_EXTRACTED ENTRIES_.
━━━━━━━━━━

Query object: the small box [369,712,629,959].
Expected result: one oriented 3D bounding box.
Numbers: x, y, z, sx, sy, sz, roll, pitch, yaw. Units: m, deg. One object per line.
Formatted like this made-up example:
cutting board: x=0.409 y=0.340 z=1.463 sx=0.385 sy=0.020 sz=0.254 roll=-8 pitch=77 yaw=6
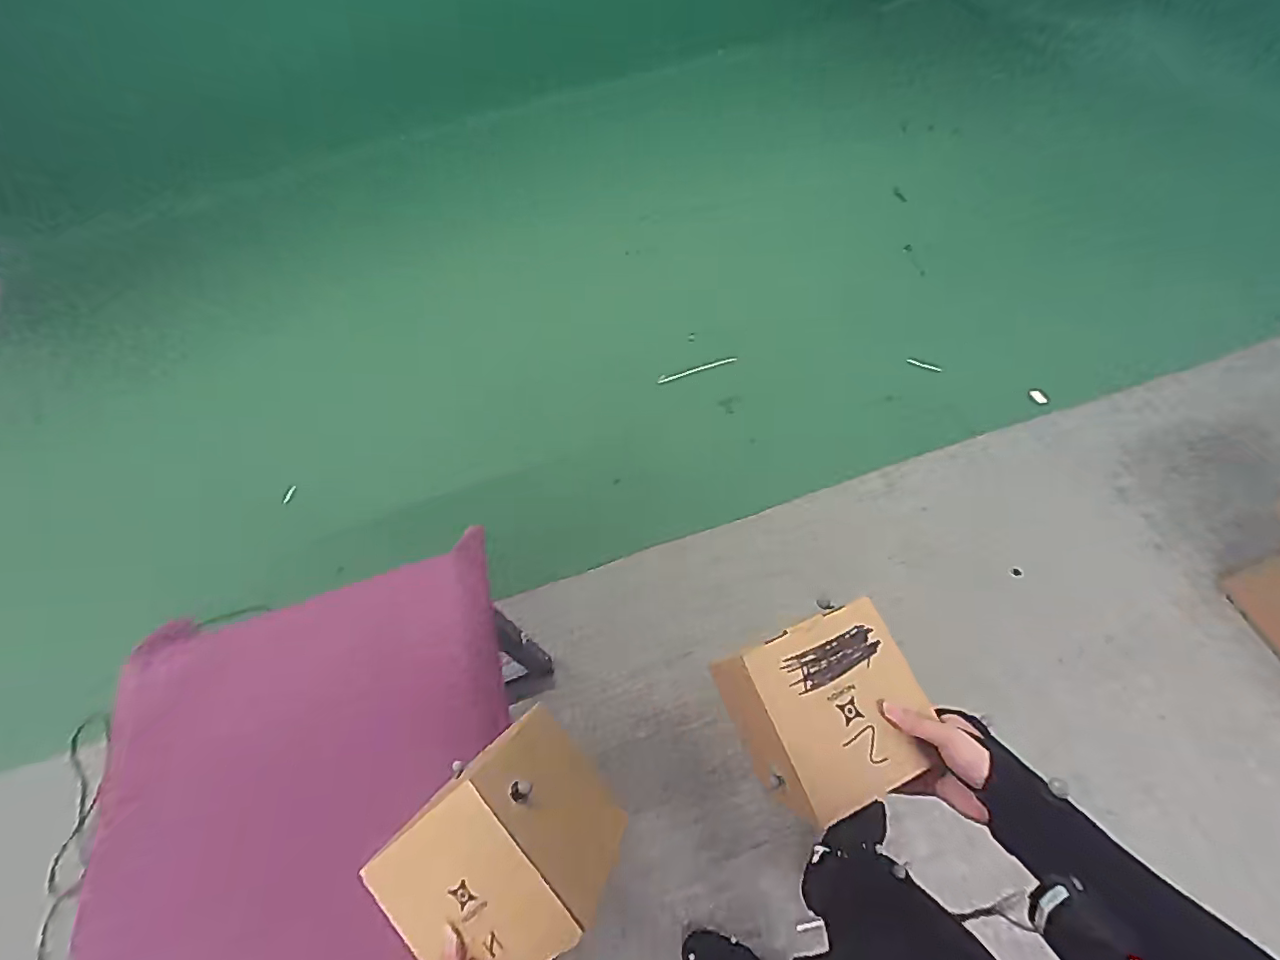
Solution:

━━━━━━━━━━

_EXERCISE BRIEF_. Report every line in the data above in which the word "pitch" appears.

_RESULT FOR THIS TASK_.
Numbers: x, y, z, sx, sy, sz, roll, pitch, yaw. Units: m, deg. One object per line.
cutting board: x=0.409 y=0.340 z=1.463 sx=0.385 sy=0.020 sz=0.254 roll=-8 pitch=77 yaw=6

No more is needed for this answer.